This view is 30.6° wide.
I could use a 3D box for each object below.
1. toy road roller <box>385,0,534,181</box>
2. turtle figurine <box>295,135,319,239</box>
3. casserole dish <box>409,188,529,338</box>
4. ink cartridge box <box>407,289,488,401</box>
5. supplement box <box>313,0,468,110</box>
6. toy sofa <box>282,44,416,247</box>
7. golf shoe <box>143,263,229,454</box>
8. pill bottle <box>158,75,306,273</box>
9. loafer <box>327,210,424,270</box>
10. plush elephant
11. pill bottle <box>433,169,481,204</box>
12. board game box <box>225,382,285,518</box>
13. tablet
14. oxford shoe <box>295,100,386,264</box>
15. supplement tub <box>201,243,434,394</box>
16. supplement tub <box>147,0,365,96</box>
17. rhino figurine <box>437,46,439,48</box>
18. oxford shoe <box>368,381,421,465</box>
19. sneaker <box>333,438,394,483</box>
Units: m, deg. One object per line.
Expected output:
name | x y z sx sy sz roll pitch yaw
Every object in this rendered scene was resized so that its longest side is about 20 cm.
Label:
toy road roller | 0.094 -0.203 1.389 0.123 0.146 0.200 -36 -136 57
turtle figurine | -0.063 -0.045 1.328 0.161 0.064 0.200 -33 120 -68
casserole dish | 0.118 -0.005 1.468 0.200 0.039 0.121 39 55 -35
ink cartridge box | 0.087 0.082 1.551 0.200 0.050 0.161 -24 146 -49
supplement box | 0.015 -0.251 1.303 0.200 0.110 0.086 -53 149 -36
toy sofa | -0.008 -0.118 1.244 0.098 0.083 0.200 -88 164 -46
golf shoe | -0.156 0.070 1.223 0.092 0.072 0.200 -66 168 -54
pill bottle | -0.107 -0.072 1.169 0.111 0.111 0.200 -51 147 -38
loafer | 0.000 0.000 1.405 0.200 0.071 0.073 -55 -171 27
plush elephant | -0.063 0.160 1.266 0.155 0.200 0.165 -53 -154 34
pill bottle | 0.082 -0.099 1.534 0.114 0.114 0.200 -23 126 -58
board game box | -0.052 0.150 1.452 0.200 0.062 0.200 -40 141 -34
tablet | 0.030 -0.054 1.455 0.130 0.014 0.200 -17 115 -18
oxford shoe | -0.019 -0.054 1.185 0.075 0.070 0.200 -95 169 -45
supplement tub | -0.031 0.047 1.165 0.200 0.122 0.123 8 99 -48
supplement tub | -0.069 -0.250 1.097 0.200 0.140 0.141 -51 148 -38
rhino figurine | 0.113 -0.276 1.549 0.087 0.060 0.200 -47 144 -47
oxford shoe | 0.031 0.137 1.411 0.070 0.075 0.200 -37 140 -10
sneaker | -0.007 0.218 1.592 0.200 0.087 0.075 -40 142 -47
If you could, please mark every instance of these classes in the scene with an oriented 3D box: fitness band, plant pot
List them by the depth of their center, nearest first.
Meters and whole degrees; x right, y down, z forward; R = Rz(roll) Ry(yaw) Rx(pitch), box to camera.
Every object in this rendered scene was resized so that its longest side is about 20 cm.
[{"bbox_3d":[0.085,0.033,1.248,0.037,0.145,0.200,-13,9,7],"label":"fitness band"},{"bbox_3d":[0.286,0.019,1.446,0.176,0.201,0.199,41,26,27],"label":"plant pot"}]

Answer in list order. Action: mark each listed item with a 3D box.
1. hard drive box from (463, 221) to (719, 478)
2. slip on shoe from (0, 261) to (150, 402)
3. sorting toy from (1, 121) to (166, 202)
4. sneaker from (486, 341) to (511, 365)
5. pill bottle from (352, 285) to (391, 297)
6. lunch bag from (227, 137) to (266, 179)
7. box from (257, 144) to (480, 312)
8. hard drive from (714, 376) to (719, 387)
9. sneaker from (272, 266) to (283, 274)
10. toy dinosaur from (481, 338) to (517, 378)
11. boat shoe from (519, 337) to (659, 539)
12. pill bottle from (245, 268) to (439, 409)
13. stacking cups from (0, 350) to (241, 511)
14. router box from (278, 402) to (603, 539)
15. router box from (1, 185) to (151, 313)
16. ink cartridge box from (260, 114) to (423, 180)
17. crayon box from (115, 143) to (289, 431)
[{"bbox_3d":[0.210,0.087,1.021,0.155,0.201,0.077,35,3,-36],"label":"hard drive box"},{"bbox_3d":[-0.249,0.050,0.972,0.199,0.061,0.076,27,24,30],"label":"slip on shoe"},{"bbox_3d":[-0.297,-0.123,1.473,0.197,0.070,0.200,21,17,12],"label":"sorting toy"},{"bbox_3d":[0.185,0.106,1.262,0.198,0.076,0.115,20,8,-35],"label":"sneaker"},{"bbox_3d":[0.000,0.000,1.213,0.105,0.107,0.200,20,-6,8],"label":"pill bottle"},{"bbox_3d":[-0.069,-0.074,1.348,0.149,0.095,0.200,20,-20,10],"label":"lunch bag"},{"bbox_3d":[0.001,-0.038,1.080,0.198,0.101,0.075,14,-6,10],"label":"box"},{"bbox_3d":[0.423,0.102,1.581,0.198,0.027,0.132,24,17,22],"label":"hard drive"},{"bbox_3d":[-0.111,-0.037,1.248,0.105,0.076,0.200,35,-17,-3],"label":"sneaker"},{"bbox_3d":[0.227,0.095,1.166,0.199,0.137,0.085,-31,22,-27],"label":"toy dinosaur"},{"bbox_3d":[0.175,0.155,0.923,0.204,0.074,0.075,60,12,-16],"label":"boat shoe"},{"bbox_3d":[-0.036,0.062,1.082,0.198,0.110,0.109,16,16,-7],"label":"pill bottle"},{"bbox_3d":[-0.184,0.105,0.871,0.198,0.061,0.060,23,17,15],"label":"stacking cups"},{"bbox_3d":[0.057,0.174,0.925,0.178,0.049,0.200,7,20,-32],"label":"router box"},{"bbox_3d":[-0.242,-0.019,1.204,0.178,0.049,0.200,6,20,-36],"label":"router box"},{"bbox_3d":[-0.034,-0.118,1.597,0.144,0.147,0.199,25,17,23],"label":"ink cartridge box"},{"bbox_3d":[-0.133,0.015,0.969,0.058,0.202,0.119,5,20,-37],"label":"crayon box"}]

*ABOUT THIS EXERCISE:*
From the data above, output exactly the lines between the one containing "List them by" and the one containing "9. sneaker from (272, 266) to (283, 274)", counting both of them.

*SOLUTION BELOW:*
List them by the depth of their center, nearest first.
Meters and whole degrees; x right, y down, z forward; R = Rz(roll) Ry(yaw) Rx(pitch), box to camera.
Every object in this rendered scene was resized so that its longest side is about 20 cm.
[{"bbox_3d":[0.085,0.033,1.248,0.037,0.145,0.200,-13,9,7],"label":"fitness band"},{"bbox_3d":[0.286,0.019,1.446,0.176,0.201,0.199,41,26,27],"label":"plant pot"}]

Answer in list order. Action: mark each listed item with a 3D box.
1. hard drive box from (463, 221) to (719, 478)
2. slip on shoe from (0, 261) to (150, 402)
3. sorting toy from (1, 121) to (166, 202)
4. sneaker from (486, 341) to (511, 365)
5. pill bottle from (352, 285) to (391, 297)
6. lunch bag from (227, 137) to (266, 179)
7. box from (257, 144) to (480, 312)
8. hard drive from (714, 376) to (719, 387)
9. sneaker from (272, 266) to (283, 274)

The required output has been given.